Secangkir susu sapi memiliki kandungan kalori dan lemak lebih rendah dibandingkan susu kambing, yaitu 149 kalori dan 8 gram. Selain itu lemak jenuh dalam susu sapi pun lebih rendah dibanding susu kambing. Kandungan vitamin B12 pada susu sapi yakni sebesar 18% dan asam folat 3 persen. Itu sebabnya susu sapi lebih banyak digunakan untuk susu formula jika ibu tidak menyusui bayi. Tidak hanya itu, kandungan selenium dan riboflavin (vitamin B2) dalam susu sapi diketahui juga lebih banyak dibanding susu kambing.

Susu kambing

Secangkir susu kambing mengandung 168 kalori lebih banyak dengan lemak 10 gram. Kalsium susu kambing juga lebih tinggi. Namun, kandungan vitamin B12 pada susu kambing hanya sekitar 2,8% atau bisa dibilang jauh lebih rendah dibanding susu sapi. Sedangkan kandungan vitamin C dalam susu kambing lebih besar. Kandungan vitamin C dalam susu kambing ini telah mampu memenuhi kebutuhan vitamin C dalam sehari. Selain vitamin C, susu kambing juga kaya akan vitamin A, magnesium juga potasium di dalamnya.

Jadi, lebih baik minum susu sapi atau susu kambing?

Pada dasarnya, baik susu sapi atau susu kambing sama-sama menyimpan kandungan gizi yang baik untuk tubuh. Jika menyoal konsumsi mana yang lebih baik untuk kesehatan, selera/minat/kebutuhan seseorang bisa tergantung oleh banyak hal berikut.

Segi rasa

Rasa susu sapi dan susu kambing bisa dibilang sebelas dua belas karena komposisi kandungan keduanya serupa. Namun, cita rasa akhirnya bisa sangat berbeda saat sudah diolah. Banyak yang mengatakan kalau rasa susu kambing sedikit lebih manis.

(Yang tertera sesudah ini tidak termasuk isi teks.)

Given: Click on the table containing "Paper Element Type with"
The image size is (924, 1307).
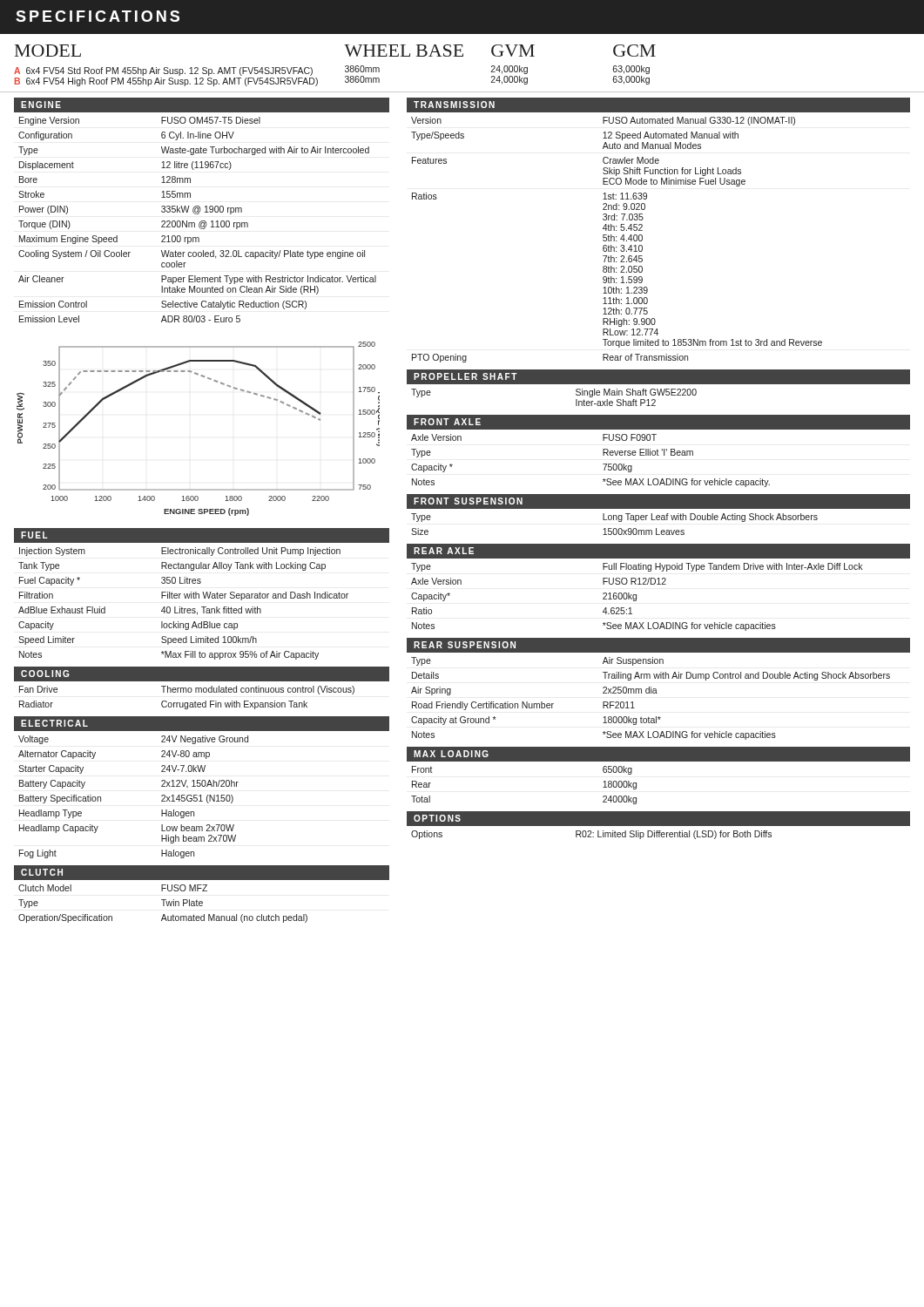Looking at the screenshot, I should click(x=202, y=220).

Namun, ada juga orang yang menganggap susu kambing yang dijual di kebanyakan toko memiliki rasa anyir khas bau kambing yang terlalu kuat akibat metode pengolahan, pengemasan, dan pasteurisasi.

Tingkat pemicu alergi

Ada beberapa orang yang alergi susu sapi, terutama anak-anak. Alergi susu adalah bentuk reaksi tubuh terhadap kandungan protein di dalam susu. Nah, kandungan protein yang paling umum ditemukan pada susu hewani adalah alpha S1 kasein. Dalam susu kambing, kandungan protein kaseinnya lebih sedikit dibanding susu sapi. Itu sebabnya susu kambing lebih aman dijadikan alternatif bagi orang-orang yang alergi susu sapi.

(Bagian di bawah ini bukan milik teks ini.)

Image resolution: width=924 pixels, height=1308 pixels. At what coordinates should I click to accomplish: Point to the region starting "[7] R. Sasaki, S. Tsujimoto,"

Efek samping alergi susu sapi antara lain muntah, diare, ruam kulit, hingga yang serius bisa membuat syok anfilaksis. Bagi Anda yang mungkin mengalami alergi protein, Anda bisa mencukupi kebutuhan susu harian Anda dengan mengonsumsi susu kambing sebagai pilihannya.

Kemudahan dicerna tubuh

Meskipun mengandung lemak yang sedikit lebih banyak dibanding susu sapi, namun molekul lemak dalam susu kambing lebih kecil sehingga menghasilkan buih yang lebih kecil dan lembut. Hal inilah yang memungkinkan enzim pencernaan memecahnya lebih cepat dan halus untuk memproduksi energi. Tubuh hanya membutuhkan waktu 30 menit untuk mencerna secangkir susu kambing. Itu sebabnya, banyak orang lebih memilih susu kambing karena alasan ini.

Toleransi laktosa

Gula dalam susu disebut laktosa. Beberapa orang mungkin memiliki kadar enzim laktase (yang bertanggung jawab mencerna laktosa) lebih rendah. Kadar enzim laktase yang rendah inilah yang menyebabkan orang mengalami intoleransi terhadap laktosa. Orang yang intoleransi terhadap laktosa umumnya akan mengeluhkan kram, kembung, mual, hingga diare. 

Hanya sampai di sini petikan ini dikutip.